Digital Verbum Edition
This volume, third in the pioneering and acclaimed series of social histories of Christianity, introduces the religion of the Byzantine Christian laity by asking the question, “What did Byzantine Christians do?” During the 11 centuries between the foundation of the city of Constantinople in 324 and its fall to the Ottoman Turks in 1453, Byzantine Christianity developed as a distinct system of religious practice and devotion, different from the medieval Roman Catholicism emerging simultaneously farther west.
Drawing on the techniques of social and cultural history, this international team of renowned social historians offers glimpses into that distant past. Sermons, saints’ lives, hymns, canon law, and histories, together with architecture, icons, church decoration, and small devotional objects enable a rich description and lavish depiction of lay religion among ordinary Christians. We discover what ordinary Christians did in church, in their homes, and their workshops; we learn about the veneration of saints and the use of icons. We gain insight into how Byzantine Christians prayed and how often they attended services; how they celebrated, married, and mourned; how they interacted with priests, monks, nuns, and holy people; where they went on pilgrimage and why they visited shrines; how they transmitted religious values to their children; and how they performed acts of charity.
In the Logos edition, this valuable volume is enhanced by amazing functionality. Scripture citations link directly to English translations, and important terms link to dictionaries, encyclopedias, and a wealth of other resources in your digital library. Perform powerful searches to find exactly what you’re looking for. Take the discussion with you using tablet and mobile apps. With Logos Bible Software, the most efficient and comprehensive research tools are in one place, so you get the most out of your study.
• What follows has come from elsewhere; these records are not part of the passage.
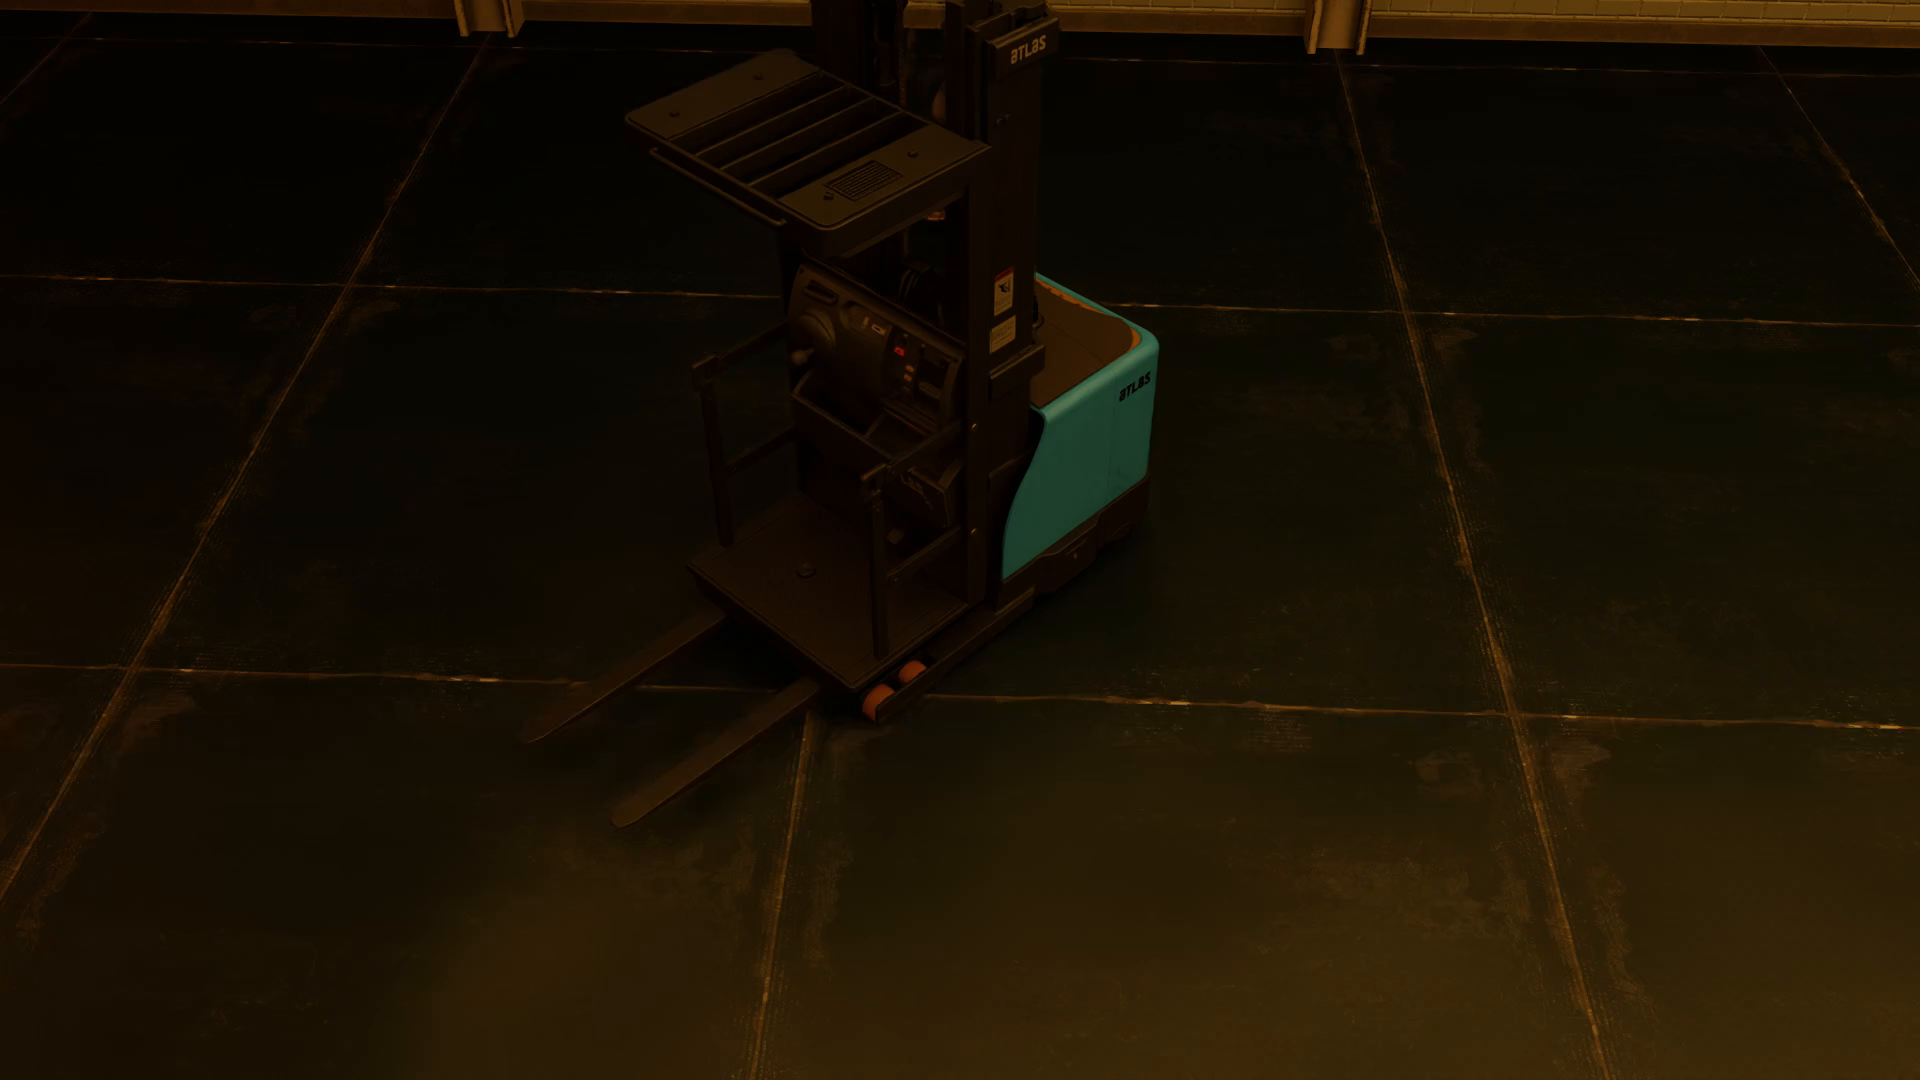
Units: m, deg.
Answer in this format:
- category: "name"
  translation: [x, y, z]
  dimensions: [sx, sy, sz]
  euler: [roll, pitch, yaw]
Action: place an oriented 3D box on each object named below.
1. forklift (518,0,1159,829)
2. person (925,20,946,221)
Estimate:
- category: "forklift"
  translation: [-0.494, -0.699, 6.507]
  dimensions: [1.130, 2.935, 3.031]
  euler: [33, 52, 31]
- category: "person"
  translation: [0.173, -2.481, 9.485]
  dimensions: [0.817, 1.531, 0.785]
  euler: [-24, 47, -24]

Hidden for centuries by their anonymity and illiteracy, the people of God—the body of Christ, the church—are finally having their story told, and by some of today's finest historians of the church. The saints, bishops, and theologians of traditional histories can now be placed against the panoramic and fascinating backdrop of the lived religion of ordinary men and women of faith. Highly recommended.
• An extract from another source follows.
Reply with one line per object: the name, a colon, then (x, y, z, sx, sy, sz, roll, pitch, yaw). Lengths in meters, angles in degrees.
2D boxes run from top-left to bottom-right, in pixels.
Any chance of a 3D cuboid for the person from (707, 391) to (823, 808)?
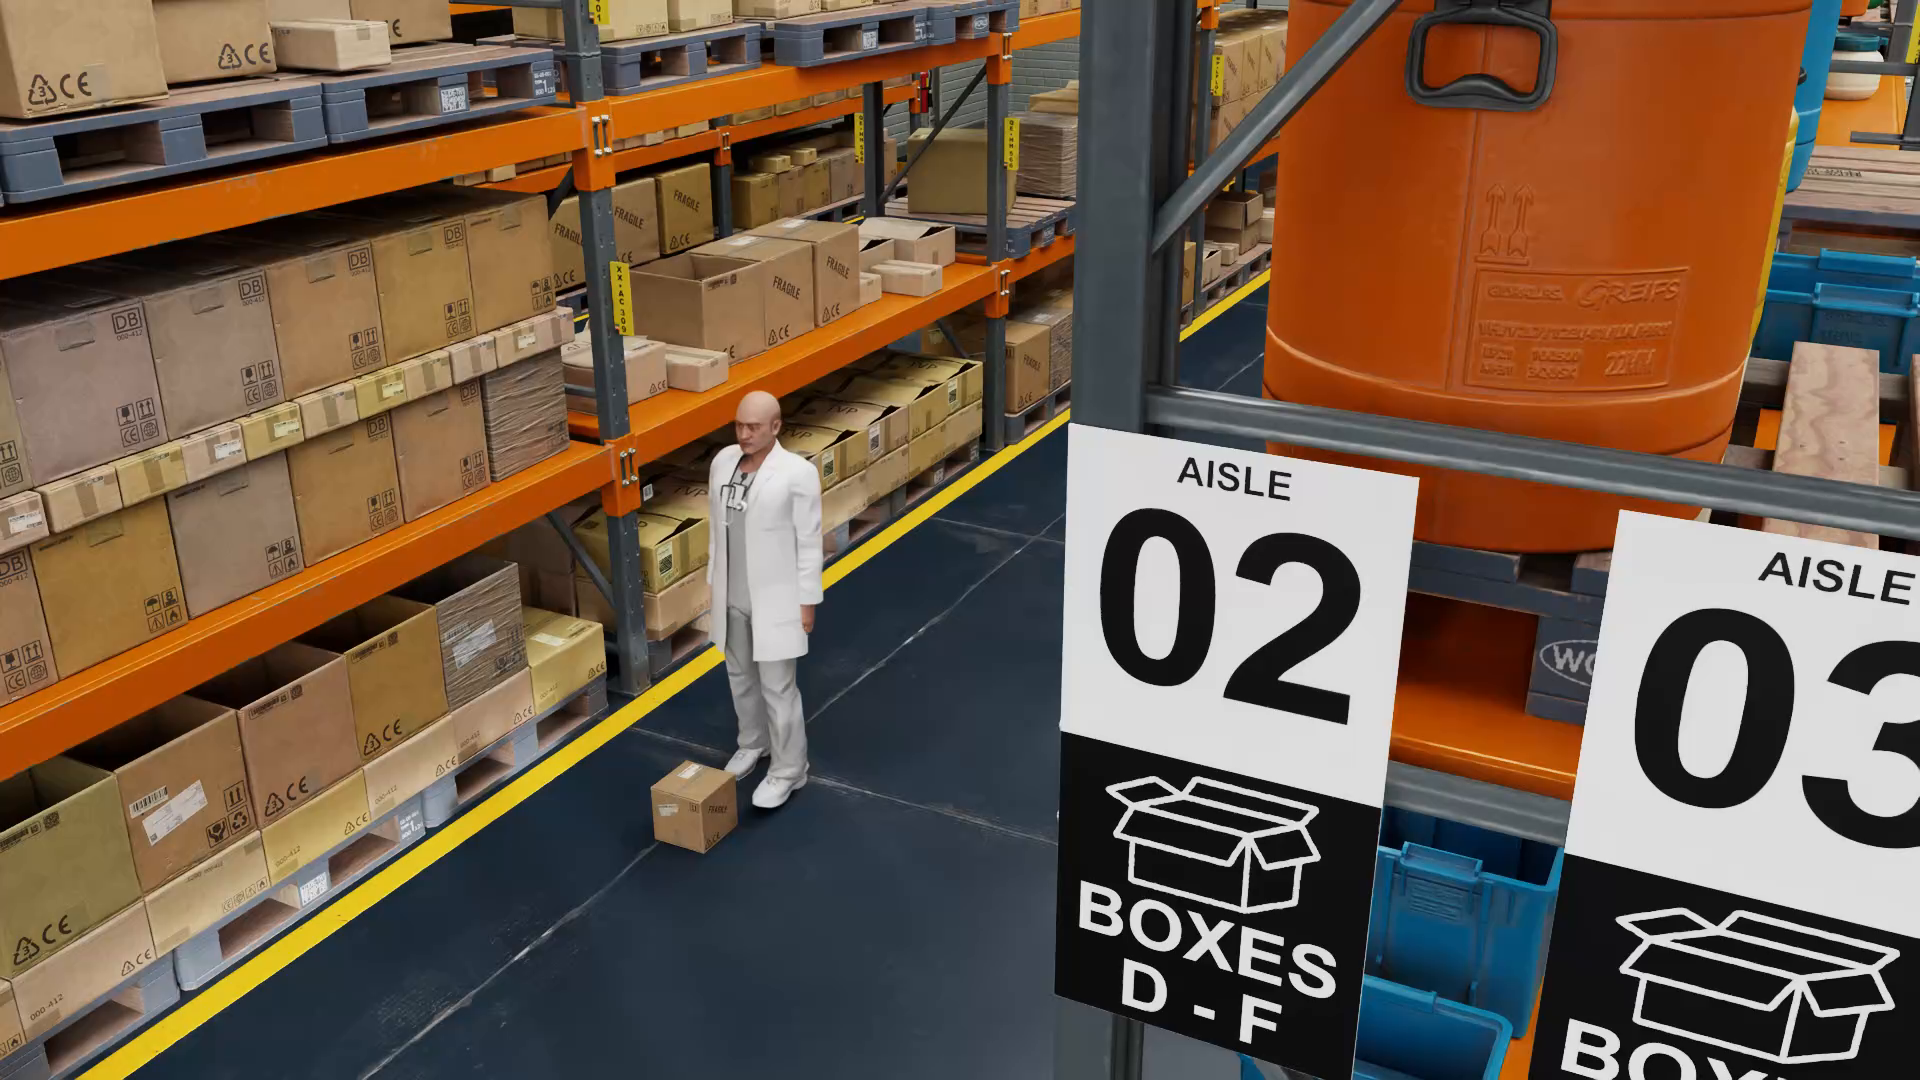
person: (-0.853, 0.250, 7.026, 0.571, 1.793, 0.533, 12, 25, 27)

—Mark U. Edwards Jr., advisory member of the faculty of divinity, Harvard Divinity School
. . . this series of books, issuing from editors in whom I have great confidence and many of whose writers I know and respect, ‘turns history upside down’ and reveals what times and events were like for Christians—and sometimes their rivals and enemies—on the ground. Professional historians long neglected this ‘up close’ approach, evidently thinking that the basic folk did not merit attention. Add to that another reason for the failure to take them into account: it is harder to get at the stories and records of their lives. Now, thanks to a generation of historians with interests in ordinary (but really extraordinary) Christians in ages past, these people can be observed as seldom before. While they did not leave documents in the forms of formal creeds, confessions, or concordats, and while their names did not mean as much to cleric–chroniclers of old as did those of bishops, abbots, and emperors, we now have techniques to unearth scraps, snippets, letters, diaries, transactions, which, taken together and treated in expert hands, let us find how exciting their lives are, how misguided decisions were to talk about the elite few and neglect the faithful and faithless many. These stories may come up from the basement of church history, but news about their existence deserves to be shouted from the housetops.
—Martin E. Marty, Fairfax M. Cone Distinguished Service Professor Emeritus of the History of Modern Christianity, University of Chicago Divinity School
Derek Krueger is professor of religious studies and head of the department at the University of North Carolina at Greensboro. Among his many publications is Symeon the Holy Fool: Leontius’s Life and the Late Antique City.